_Try it_:
Would you output the lines from the one containing "Objects to box" through the final line of the entries, exactly and with pictures omitted?

(Source data)
########

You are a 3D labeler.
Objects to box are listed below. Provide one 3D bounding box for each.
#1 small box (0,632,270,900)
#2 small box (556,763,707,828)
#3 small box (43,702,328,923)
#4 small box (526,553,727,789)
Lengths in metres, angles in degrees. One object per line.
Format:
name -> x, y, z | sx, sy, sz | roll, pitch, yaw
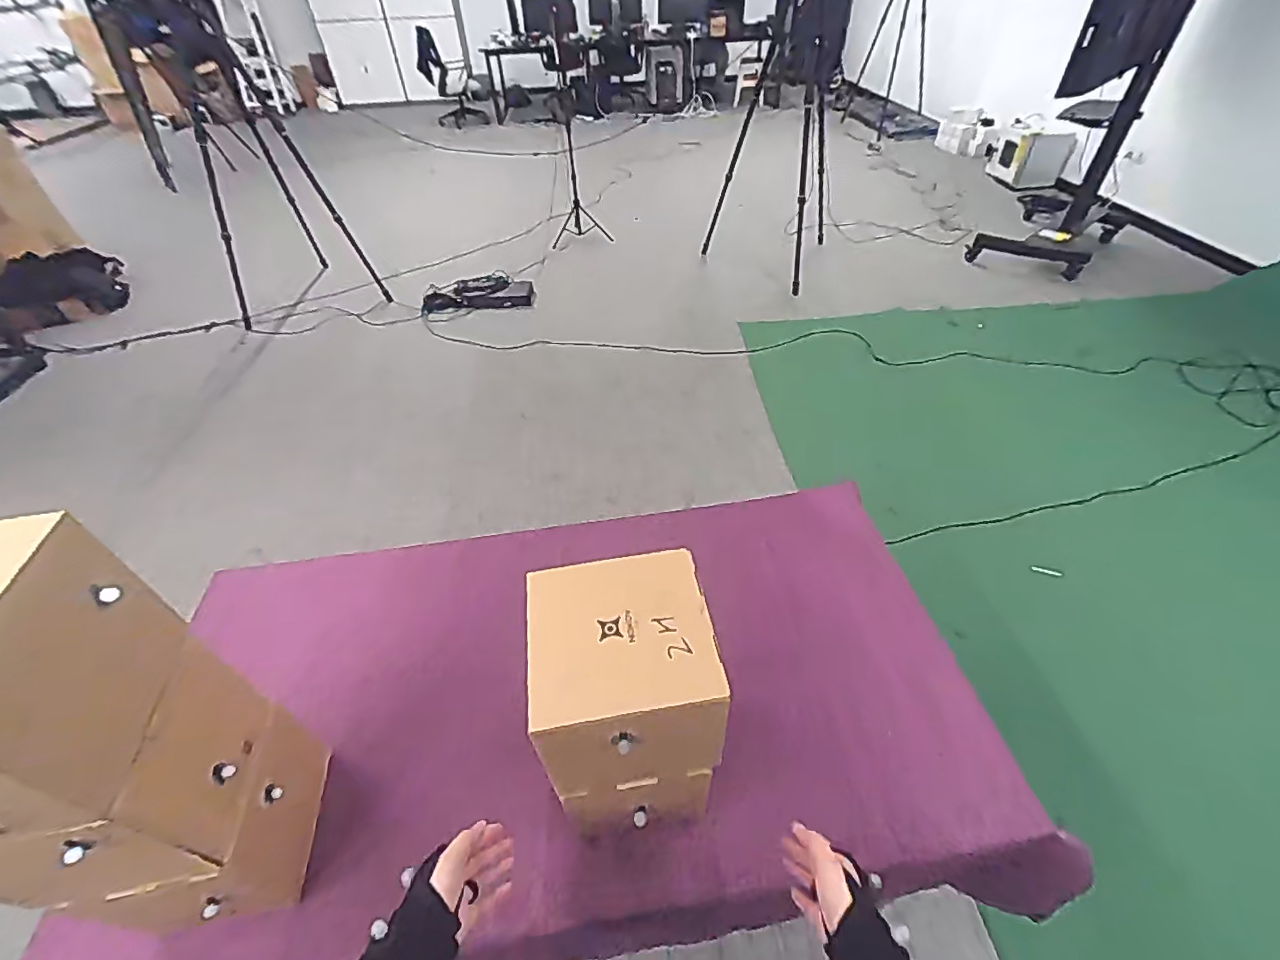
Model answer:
small box -> -0.505, 0.274, 0.519 | 0.179, 0.176, 0.168 | -8, 45, -8
small box -> -0.014, 0.320, 0.684 | 0.168, 0.176, 0.179 | -6, 45, -5
small box -> -0.496, 0.390, 0.632 | 0.168, 0.176, 0.179 | -7, 44, -6
small box -> -0.016, 0.202, 0.567 | 0.179, 0.176, 0.168 | -7, 45, -5

########

_Task response_:
Objects to box are listed below. Provide one 3D bounding box for each.
#1 small box (0,632,270,900)
#2 small box (556,763,707,828)
#3 small box (43,702,328,923)
#4 small box (526,553,727,789)
Lengths in metres, angles in degrees. One object per line.
Format:
name -> x, y, z | sx, sy, sz | roll, pitch, yaw
Model answer:
small box -> -0.505, 0.274, 0.519 | 0.179, 0.176, 0.168 | -8, 45, -8
small box -> -0.014, 0.320, 0.684 | 0.168, 0.176, 0.179 | -6, 45, -5
small box -> -0.496, 0.390, 0.632 | 0.168, 0.176, 0.179 | -7, 44, -6
small box -> -0.016, 0.202, 0.567 | 0.179, 0.176, 0.168 | -7, 45, -5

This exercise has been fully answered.